Measurement of Drought Resistance in Plants

Measurement of Drought Resistance in Plants

Various procedures are used for measuring drought resistance in crop plants. The most commonly used techniques include:

  • Leaf water retention
  • Photosynthesis
  • Yield performance
  • Root lengths of seedlings

These techniques can be used for large scale screening of segregating populations in a breeding programme.

1. Leaf Water Retention 

In this method, leaves are excited from the plant and are allowed to dry. The slower drying genotypes are considered drought tolerant. In other words, the high water retainer genotypes are considered drought tolerant. The cut leaf method was used in wheat, barley and oats.

In wheat, two varieties Pelissier and Pitic 62, were significantly better water retainers when leaves were excised from three-week-old plants. These two varieties are highly resistant to drought. Some investigators use tissue water potential as an index of water stress under drought conditions. The tissue water potential is measured with the help of a thermocouple psychrometer. The portable field psychrometer is widely used for measuring drought resistance in segregating populations.

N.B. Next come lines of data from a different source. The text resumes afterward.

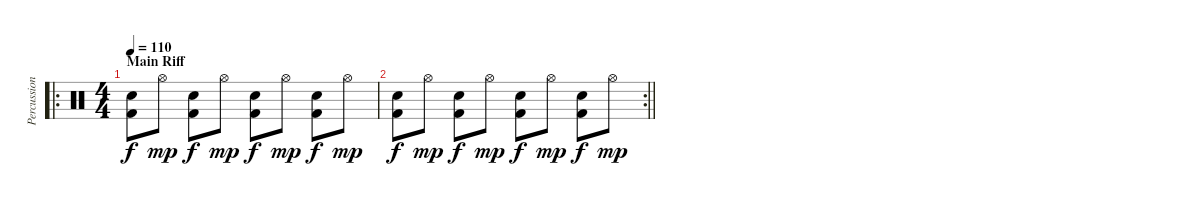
\track ("Percussion" "Percussion") {instrument percussion}
\staff {score}
\articulation defaults
\ro
\ts (4 4)
\section ("" "Main Riff")
\tempo 110
\clef neutral
\ks c
("Snare (hit) 2" "Kick (hit) 2").8{dy f} "Hi-Hat (open)".8{dy mp} ("Snare (hit) 2" "Kick (hit) 2").8{dy f} "Hi-Hat (open)".8{dy mp} ("Snare (hit) 2" "Kick (hit) 2").8{dy f} "Hi-Hat (open)".8{dy mp} ("Snare (hit) 2" "Kick (hit) 2").8{dy f} "Hi-Hat (open)".8{dy mp} |
\rc 2
\barLineRight lightlight
("Snare (hit) 2" "Kick (hit) 2").8{dy f} "Hi-Hat (open)".8{dy mp} ("Snare (hit) 2" "Kick (hit) 2").8{dy f} "Hi-Hat (open)".8{dy mp} ("Snare (hit) 2" "Kick (hit) 2").8{dy f} "Hi-Hat (open)".8{dy mp} ("Snare (hit) 2" "Kick (hit) 2").8{dy f} "Hi-Hat (open)".8{dy mp}

2. Rate of Photosynthesis 

The rate of photosynthesis during and after moisture stress is an essential index of drought resistance. Pitic 62 (a drought-resistant variety) exhibited a high photosynthetic rate under drought conditions in several tests in wheat. Now portable non-destructive photosynthesis analyzers are available, which can be used in the fields for large scale screening of germplasm and segregating populations in standing crops.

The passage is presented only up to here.